ARTICLE X. MANAGEMENT AND ADMINISTRATION
The Board of Directors may contract with an individual or an association management services organization, to serve as the chief staff executive of the Association. The chief staff executive shall be responsible for implementing policies established by the Board of Directors and will have the authority and responsibility to act on the Association’s behalf as determined by the Board of Directors.

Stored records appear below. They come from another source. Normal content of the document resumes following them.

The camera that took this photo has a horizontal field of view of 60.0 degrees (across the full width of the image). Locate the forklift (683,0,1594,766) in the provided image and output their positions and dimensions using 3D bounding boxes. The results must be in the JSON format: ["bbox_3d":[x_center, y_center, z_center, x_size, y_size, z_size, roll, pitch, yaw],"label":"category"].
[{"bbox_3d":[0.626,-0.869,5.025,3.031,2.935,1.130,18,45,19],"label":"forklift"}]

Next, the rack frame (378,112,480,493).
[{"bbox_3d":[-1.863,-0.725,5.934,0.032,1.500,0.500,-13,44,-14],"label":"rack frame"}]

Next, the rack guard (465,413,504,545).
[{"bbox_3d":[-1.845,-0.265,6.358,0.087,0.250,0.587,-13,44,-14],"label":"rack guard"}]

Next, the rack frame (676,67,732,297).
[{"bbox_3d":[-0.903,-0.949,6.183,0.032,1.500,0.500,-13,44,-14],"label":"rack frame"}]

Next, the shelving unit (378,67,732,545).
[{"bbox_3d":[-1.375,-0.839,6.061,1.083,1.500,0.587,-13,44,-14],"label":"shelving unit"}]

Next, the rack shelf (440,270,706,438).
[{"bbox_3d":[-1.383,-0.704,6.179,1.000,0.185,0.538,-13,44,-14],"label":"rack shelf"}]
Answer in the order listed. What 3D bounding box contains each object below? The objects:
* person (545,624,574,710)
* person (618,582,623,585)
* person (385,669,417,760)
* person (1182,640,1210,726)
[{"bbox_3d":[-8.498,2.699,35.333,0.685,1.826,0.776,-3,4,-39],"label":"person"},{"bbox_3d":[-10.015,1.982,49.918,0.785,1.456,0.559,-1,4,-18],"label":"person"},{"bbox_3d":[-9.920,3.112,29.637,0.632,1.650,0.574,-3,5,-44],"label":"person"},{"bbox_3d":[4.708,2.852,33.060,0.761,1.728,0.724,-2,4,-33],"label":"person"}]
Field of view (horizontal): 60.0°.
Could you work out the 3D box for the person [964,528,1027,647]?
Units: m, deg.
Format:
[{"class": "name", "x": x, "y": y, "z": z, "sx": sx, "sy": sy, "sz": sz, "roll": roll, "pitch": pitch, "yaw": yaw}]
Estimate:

ARTICLE XI. INDEMNIFICATION
The Association shall indemnify all officers and directors of the Association to the full extent permitted by law and shall be entitled to purchase insurance for such indemnification to the full extent as determined from time to time by the Board of Directors.
ARTICLE XII. AMENDMENTS
The Bylaws may be revised by a majority of the board of directors. Upon written request of at least fifteen percent (15%) of the voting Members, the Board of Directors shall submit an approved Bylaws amendment to a vote of the Members. Ratification requires a simple majority vote of the voting Members.
ARTICLE XII. DISOLUTION
Upon the dissolution of the Association, the Board of Directors shall, after paying or making provision for the payment of all the liabilities of the Association, dispose of all the assets of the Association exclusively for the purposes of the Association in such manner, or to such organization or organizations which are then qualified as exempt within the meaning of Section 501(c)(3) (but only if the purposes and objectives of such organization(s) are similar to the purposes and objectives of the Association) of the Internal Revenue Code of 1986 (or the corresponding provisions of any future United States internal revenue law), as the Board of Directors shall determine.